Exercise directions
Lines from the records below that contain the word "wszystkim" are to be copied out.

Data extracted from a collection:
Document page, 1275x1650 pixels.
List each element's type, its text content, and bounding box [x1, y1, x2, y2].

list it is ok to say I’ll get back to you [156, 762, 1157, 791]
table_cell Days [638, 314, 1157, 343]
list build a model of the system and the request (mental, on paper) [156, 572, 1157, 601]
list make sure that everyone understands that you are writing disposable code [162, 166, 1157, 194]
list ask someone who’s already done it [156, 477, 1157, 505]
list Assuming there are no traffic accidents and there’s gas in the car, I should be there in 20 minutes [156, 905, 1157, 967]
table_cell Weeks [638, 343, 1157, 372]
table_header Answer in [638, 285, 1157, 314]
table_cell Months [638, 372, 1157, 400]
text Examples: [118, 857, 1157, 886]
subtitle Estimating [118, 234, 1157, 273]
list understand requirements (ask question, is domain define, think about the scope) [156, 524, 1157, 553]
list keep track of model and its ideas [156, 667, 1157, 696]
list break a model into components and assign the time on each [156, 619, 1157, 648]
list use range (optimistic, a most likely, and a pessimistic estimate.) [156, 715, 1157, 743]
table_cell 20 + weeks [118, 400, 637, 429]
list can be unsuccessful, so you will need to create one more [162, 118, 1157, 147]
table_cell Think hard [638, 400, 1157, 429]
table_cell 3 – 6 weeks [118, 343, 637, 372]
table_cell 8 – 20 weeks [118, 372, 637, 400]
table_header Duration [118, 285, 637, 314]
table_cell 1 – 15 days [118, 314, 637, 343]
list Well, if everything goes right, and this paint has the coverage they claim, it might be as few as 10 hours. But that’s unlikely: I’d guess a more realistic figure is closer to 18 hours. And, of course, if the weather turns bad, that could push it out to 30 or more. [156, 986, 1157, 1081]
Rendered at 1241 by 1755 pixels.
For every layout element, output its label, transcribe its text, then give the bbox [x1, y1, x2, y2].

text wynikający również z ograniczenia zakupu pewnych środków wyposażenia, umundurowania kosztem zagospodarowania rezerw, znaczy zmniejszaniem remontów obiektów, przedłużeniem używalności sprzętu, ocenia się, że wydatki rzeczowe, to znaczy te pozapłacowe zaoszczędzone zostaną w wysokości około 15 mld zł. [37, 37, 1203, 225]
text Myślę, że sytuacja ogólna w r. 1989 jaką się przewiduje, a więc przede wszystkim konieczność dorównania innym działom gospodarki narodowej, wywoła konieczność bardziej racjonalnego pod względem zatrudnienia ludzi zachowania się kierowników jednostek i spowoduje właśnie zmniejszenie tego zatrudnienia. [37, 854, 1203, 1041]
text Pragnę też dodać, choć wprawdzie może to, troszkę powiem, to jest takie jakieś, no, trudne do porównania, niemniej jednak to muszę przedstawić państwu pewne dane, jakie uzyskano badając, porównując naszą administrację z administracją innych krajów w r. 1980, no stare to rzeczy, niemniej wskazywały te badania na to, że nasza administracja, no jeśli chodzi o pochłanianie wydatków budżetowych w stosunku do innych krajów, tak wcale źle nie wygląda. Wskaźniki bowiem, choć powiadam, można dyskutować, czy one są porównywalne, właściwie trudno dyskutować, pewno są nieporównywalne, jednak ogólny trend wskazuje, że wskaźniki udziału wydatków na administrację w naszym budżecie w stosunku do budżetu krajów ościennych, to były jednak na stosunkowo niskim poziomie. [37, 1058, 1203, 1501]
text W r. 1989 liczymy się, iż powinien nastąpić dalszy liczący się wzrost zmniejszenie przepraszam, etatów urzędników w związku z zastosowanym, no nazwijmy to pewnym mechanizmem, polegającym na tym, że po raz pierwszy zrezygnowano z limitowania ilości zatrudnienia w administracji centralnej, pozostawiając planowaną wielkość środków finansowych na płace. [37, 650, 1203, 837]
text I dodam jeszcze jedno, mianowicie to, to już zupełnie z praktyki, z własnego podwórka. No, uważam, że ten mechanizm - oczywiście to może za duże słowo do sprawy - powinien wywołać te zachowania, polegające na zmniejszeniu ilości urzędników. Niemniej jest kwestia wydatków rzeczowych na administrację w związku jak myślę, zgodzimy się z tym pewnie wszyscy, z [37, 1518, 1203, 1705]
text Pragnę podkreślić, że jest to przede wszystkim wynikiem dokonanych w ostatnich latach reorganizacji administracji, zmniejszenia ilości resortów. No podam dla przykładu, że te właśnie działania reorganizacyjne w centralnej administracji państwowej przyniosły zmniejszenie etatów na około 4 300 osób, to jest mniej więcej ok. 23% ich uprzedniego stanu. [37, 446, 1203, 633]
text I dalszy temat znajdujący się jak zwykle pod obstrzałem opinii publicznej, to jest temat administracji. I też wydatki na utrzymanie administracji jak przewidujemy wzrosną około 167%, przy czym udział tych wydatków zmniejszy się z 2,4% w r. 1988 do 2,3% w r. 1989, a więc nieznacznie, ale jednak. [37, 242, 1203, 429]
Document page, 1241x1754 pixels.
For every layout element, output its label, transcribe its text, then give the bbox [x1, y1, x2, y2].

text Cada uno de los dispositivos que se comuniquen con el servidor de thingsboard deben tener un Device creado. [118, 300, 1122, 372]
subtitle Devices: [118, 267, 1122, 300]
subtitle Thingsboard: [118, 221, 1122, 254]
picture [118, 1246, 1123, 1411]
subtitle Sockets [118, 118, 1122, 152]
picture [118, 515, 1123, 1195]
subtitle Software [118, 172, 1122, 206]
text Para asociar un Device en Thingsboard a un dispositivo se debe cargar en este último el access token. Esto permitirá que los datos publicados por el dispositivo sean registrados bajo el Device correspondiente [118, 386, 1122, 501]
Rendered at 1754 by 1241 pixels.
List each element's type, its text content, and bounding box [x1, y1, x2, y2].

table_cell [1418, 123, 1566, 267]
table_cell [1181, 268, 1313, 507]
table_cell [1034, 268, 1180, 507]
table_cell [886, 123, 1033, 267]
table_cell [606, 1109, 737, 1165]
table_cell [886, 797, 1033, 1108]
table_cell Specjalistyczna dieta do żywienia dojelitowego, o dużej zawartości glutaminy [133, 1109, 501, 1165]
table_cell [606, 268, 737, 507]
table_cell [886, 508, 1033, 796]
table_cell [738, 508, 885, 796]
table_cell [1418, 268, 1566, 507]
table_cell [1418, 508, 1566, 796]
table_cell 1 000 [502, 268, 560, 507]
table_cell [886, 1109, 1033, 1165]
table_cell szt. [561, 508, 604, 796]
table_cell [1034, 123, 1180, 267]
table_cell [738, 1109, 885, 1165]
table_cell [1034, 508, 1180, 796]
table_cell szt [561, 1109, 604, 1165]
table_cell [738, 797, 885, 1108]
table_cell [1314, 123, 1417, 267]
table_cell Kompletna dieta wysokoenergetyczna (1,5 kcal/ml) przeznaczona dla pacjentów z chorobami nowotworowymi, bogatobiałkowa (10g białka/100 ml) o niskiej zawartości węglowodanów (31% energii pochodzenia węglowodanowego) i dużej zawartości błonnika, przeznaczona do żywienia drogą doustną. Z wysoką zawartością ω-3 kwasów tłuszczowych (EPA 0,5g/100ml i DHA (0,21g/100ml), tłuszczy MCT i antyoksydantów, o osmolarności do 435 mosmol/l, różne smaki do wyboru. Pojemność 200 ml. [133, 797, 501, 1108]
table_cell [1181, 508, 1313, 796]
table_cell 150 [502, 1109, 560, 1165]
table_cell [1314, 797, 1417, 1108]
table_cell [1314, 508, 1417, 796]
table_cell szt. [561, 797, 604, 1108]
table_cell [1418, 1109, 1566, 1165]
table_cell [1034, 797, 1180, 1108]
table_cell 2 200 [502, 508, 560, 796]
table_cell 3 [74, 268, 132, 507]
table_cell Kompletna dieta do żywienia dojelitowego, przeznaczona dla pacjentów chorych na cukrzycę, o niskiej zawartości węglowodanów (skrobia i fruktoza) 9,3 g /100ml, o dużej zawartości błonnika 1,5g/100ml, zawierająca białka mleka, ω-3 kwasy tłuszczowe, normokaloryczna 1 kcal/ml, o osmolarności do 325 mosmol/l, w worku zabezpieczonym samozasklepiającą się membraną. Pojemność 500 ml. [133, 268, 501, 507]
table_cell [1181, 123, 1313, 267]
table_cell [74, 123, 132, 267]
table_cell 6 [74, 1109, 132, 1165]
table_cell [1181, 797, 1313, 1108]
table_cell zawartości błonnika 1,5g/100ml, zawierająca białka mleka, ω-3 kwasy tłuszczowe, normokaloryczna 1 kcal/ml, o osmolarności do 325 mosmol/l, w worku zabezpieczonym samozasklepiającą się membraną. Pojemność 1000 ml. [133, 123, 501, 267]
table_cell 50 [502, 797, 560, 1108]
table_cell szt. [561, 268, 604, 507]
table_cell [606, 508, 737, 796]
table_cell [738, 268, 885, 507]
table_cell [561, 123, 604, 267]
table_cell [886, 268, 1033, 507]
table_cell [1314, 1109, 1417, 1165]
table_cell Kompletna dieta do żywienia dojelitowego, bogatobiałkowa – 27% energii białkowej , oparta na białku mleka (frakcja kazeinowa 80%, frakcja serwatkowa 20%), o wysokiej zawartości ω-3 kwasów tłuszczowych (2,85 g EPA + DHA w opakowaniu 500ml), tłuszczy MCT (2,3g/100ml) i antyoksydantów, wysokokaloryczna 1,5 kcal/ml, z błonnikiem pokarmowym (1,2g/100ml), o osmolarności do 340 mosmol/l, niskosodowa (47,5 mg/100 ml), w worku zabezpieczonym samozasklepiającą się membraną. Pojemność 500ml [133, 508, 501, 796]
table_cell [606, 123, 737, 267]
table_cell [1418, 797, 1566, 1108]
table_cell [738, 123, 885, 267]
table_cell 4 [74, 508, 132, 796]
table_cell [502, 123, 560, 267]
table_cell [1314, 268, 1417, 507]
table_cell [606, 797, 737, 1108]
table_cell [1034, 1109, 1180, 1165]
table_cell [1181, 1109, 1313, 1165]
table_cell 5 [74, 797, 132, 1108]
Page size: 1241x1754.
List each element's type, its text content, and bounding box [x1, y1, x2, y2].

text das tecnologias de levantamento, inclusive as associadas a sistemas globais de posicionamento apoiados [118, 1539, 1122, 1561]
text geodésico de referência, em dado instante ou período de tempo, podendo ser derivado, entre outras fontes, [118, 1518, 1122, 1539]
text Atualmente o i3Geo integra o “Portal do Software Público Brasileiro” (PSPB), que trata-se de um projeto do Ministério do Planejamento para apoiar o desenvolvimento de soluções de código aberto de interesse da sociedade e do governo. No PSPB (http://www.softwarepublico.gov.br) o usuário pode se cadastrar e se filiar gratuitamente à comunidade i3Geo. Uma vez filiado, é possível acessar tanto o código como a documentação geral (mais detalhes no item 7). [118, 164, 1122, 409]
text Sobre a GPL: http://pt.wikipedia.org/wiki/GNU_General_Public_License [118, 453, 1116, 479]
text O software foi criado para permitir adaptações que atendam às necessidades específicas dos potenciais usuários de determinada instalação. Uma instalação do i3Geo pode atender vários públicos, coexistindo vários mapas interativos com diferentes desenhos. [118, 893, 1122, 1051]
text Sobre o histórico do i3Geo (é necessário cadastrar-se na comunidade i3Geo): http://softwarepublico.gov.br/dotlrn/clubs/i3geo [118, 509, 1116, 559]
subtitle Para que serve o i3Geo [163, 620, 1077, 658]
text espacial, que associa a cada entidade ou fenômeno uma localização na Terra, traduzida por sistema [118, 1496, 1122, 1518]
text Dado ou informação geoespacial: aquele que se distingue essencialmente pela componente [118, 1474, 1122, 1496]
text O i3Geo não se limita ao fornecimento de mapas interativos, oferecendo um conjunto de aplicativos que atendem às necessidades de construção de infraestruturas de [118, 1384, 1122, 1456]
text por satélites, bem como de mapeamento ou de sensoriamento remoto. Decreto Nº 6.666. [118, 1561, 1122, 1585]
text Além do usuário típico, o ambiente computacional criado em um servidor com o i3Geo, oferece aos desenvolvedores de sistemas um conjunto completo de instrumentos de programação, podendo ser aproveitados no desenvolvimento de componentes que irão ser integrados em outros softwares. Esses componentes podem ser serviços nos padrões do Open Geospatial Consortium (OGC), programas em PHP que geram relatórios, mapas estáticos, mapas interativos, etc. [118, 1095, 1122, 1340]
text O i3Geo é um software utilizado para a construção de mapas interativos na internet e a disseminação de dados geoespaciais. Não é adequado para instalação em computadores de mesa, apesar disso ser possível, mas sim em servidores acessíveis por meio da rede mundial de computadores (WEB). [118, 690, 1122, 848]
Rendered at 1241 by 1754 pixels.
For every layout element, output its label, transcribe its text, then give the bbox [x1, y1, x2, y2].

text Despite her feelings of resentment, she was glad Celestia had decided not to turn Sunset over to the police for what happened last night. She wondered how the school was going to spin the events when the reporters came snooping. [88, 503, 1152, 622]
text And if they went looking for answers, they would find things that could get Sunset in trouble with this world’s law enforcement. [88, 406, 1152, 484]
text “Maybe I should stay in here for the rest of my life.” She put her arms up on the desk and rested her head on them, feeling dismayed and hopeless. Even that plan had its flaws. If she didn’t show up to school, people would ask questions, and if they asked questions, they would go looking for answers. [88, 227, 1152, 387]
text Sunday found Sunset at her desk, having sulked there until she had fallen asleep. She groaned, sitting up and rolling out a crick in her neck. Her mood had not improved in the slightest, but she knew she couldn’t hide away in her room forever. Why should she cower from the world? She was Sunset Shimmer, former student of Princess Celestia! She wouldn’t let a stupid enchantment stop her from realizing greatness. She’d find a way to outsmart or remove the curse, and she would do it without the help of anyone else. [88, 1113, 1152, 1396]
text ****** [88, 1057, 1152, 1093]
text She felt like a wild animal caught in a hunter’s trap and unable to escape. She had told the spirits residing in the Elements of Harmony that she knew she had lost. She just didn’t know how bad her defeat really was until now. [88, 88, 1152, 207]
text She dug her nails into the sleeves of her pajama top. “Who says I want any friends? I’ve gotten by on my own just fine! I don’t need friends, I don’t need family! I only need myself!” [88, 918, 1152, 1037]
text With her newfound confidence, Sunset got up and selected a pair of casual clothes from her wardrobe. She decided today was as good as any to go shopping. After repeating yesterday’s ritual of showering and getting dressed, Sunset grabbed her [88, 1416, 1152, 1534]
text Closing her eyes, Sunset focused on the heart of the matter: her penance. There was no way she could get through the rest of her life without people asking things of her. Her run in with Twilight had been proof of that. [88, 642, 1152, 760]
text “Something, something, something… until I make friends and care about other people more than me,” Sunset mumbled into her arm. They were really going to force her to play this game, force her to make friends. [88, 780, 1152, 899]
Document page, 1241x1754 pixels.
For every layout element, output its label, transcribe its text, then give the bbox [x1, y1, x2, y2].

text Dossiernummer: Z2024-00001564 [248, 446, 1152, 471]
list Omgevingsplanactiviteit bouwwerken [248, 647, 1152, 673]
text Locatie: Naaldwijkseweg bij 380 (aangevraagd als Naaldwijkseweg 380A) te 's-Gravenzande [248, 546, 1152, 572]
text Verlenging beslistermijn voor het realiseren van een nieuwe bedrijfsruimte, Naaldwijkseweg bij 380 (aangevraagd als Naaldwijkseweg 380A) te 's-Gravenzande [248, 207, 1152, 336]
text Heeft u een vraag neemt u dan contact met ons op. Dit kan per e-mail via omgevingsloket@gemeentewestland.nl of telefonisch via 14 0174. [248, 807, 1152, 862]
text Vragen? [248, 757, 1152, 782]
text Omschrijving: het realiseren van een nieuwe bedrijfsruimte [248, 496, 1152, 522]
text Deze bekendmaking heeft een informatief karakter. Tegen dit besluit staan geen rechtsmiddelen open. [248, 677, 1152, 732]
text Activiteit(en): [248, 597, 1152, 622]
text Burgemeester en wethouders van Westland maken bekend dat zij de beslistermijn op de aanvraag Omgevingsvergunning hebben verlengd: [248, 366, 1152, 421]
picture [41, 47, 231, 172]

Solution to the problem
text Myślę, że sytuacja ogólna w r. 1989 jaką się przewiduje, a więc przede wszystkim konieczność dorównania innym działom gospodarki narodowej, wywoła konieczność bardziej racjonalnego pod względem zatrudnienia ludzi zachowania się kierowników jednostek i spowoduje właśnie zmniejszenie tego zatrudnienia. [37, 854, 1203, 1041]
text Pragnę podkreślić, że jest to przede wszystkim wynikiem dokonanych w ostatnich latach reorganizacji administracji, zmniejszenia ilości resortów. No podam dla przykładu, że te właśnie działania reorganizacyjne w centralnej administracji państwowej przyniosły zmniejszenie etatów na około 4 300 osób, to jest mniej więcej ok. 23% ich uprzedniego stanu. [37, 446, 1203, 633]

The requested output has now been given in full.